Recently the Boston Area Rape Crisis Center launched a poll asking women to answer questions about whether they feel safe riding in taxi cabs in Boston, a response to reports of sexual assaults and other crimes perpetrated by taxi drivers. (Poll is available online at www.barcc.org/active/taxi/). As I read about and consider this poll, I think of how many safety tips I've seen that encourage women to bring taxi money as a way of getting out of an unsafe situation. If a taxi, the supposed safe alternative to the T or a drunk or otherwise untrustworthy driver, is also a source of potential violence, then how do we continue to live full lives in a society in which the threat of rape is as pervasive as it is?

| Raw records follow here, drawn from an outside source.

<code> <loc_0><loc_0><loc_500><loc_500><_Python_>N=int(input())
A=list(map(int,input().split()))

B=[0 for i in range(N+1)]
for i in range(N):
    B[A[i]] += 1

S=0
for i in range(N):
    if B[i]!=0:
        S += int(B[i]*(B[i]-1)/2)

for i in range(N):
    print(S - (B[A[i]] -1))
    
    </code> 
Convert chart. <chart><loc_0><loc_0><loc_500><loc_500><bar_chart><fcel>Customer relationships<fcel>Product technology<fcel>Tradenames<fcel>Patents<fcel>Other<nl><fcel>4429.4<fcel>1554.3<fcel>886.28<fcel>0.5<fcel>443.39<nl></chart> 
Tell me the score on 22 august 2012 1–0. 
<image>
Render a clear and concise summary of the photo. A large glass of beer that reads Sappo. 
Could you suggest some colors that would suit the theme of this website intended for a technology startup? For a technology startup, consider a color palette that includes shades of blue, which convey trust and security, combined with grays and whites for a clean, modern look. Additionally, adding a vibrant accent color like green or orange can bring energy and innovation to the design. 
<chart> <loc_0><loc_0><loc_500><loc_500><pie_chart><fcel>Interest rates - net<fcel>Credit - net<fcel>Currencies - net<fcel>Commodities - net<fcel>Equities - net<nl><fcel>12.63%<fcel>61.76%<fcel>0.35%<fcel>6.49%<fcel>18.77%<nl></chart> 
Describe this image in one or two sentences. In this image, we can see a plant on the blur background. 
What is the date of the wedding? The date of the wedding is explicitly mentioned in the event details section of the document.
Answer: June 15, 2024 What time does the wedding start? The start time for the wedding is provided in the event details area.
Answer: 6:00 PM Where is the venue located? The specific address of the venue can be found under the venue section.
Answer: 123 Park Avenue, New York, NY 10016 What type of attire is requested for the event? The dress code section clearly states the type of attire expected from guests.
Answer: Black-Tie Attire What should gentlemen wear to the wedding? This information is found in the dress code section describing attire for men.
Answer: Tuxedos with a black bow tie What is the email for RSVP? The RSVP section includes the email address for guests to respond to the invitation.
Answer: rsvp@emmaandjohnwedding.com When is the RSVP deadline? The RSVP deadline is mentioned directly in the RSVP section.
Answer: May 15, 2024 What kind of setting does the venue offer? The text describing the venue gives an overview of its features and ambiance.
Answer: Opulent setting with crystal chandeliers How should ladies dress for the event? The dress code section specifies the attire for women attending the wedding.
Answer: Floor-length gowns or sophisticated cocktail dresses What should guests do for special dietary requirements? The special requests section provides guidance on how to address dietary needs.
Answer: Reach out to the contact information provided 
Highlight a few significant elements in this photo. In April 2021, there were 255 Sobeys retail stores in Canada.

As I took the survey I realized that I do feel safe in taxis. Not because taxis are particulary safe places, but because I know I have the skills to protect myself. This is the beauty of what I have gained from IMPACT-- the knowledge that someone's threats won't make me freeze. The confidence that comes from knowing that if someone attempts to physically overpower me, I have numerous strategies available to protect myself. That someone intending to assault me does not make that assault inevitable. More so, that what keeps the assault from being inevitable is not the help that someone else might give me but the strength of my own voice and body. Because of the skills I've learned I don't have to limit my life for fear of what someone else might do to harm me.
This is not to say that any self-defense training makes me or anyone else invincible, but it does mean that there are many fewer places where I feel unsafe. Having the skills to physically protect ourselves against rape means that there is an essential part of rape resistance that lives in our bodies and that nobody can take away from us. If a few women can make these shifts it is personal change, if a critical mass of women can, it's social change.
As the movement against sexual violence considers how best to respond to rapes in taxi cabs-- and rapes everywhere else-- it it critical to address the problem on multiple levels. How do people at risk to perpetrate sexual violence get licenses to drive cabs? How does law enforcement respond to survivor reports? Whether it's increased law enforcement, screening of drivers or education, demanding that institutions address this problem are key parts of change.
Just as key is the confidence that many IMPACT graduates feel in our bodies when we step into a taxi, or a bar, go on a date or climb a mountain. The confidence that comes from knowing that whether or not policing or educating or cultural change efforts stop an individual perpetrator, our voices and our bodies can.